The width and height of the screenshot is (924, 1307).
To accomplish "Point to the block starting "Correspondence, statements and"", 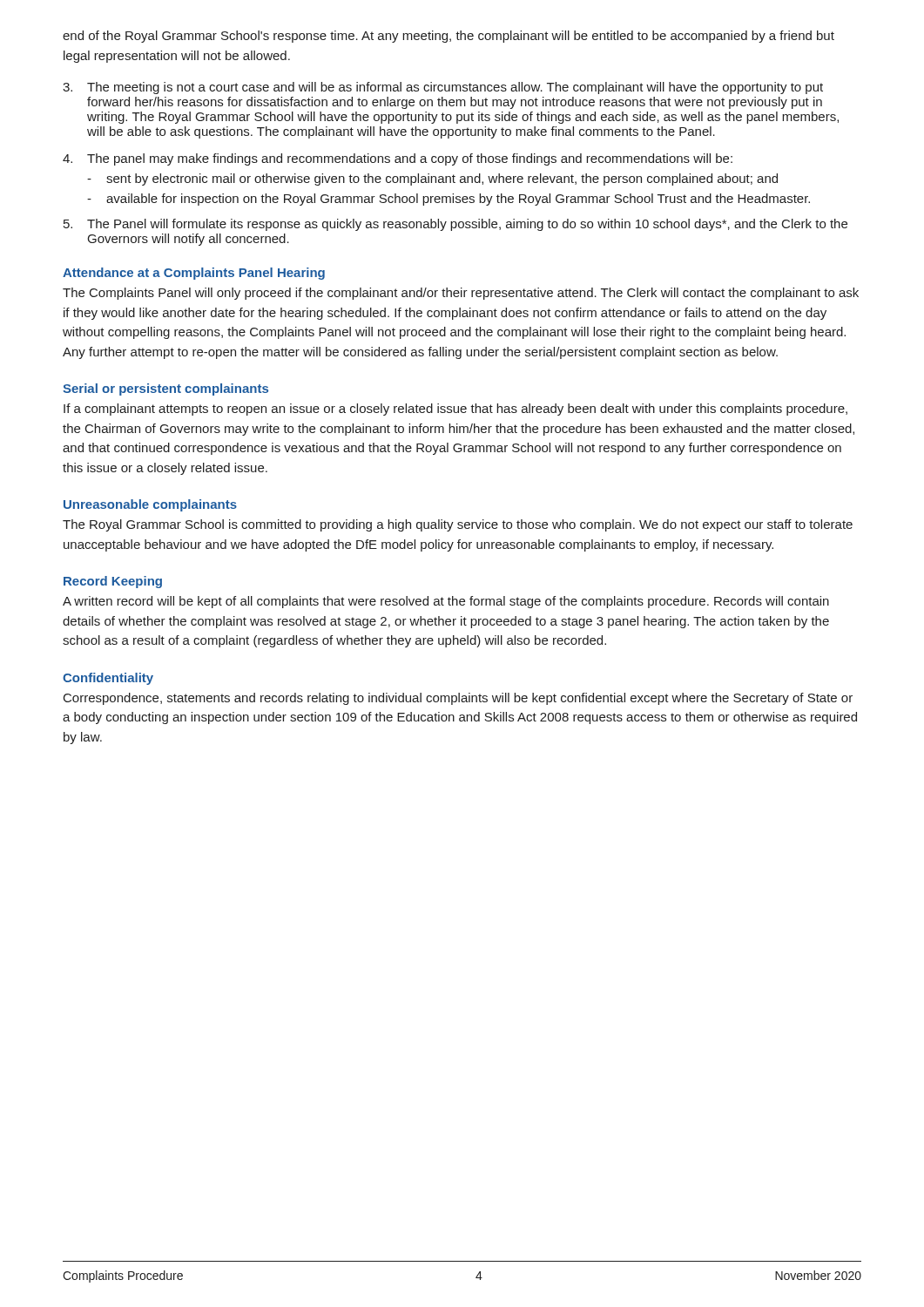I will tap(460, 717).
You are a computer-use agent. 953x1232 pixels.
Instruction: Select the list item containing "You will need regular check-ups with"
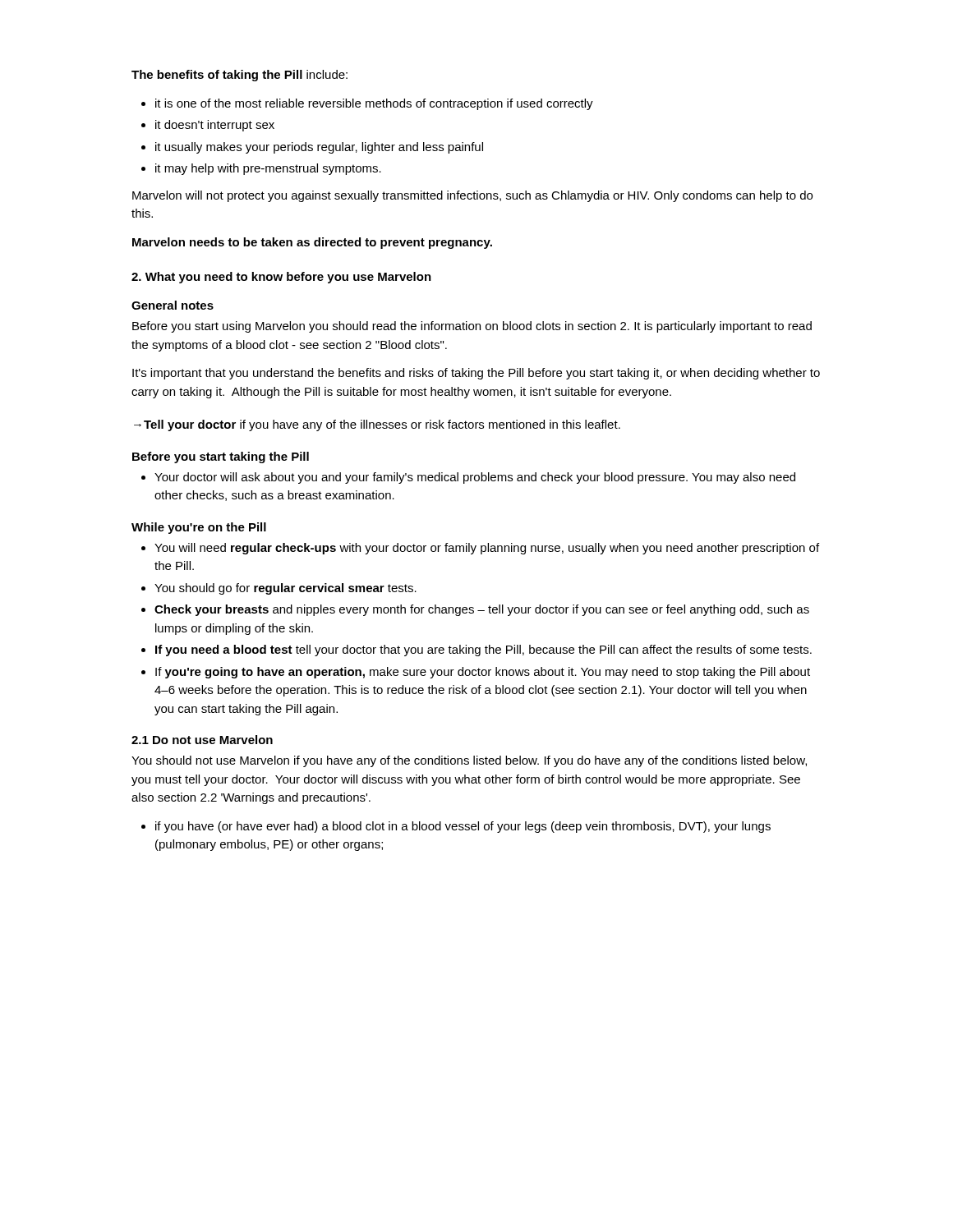[487, 556]

# # # # # # #

Starting with the line that has "Instruction: Select the" and ending with the last line of the records, retype every line exactly and only those lines. Do not include the pictures.

Solution to this problem:
Instruction: Select the list item containing "You will need regular check-ups with"
[487, 556]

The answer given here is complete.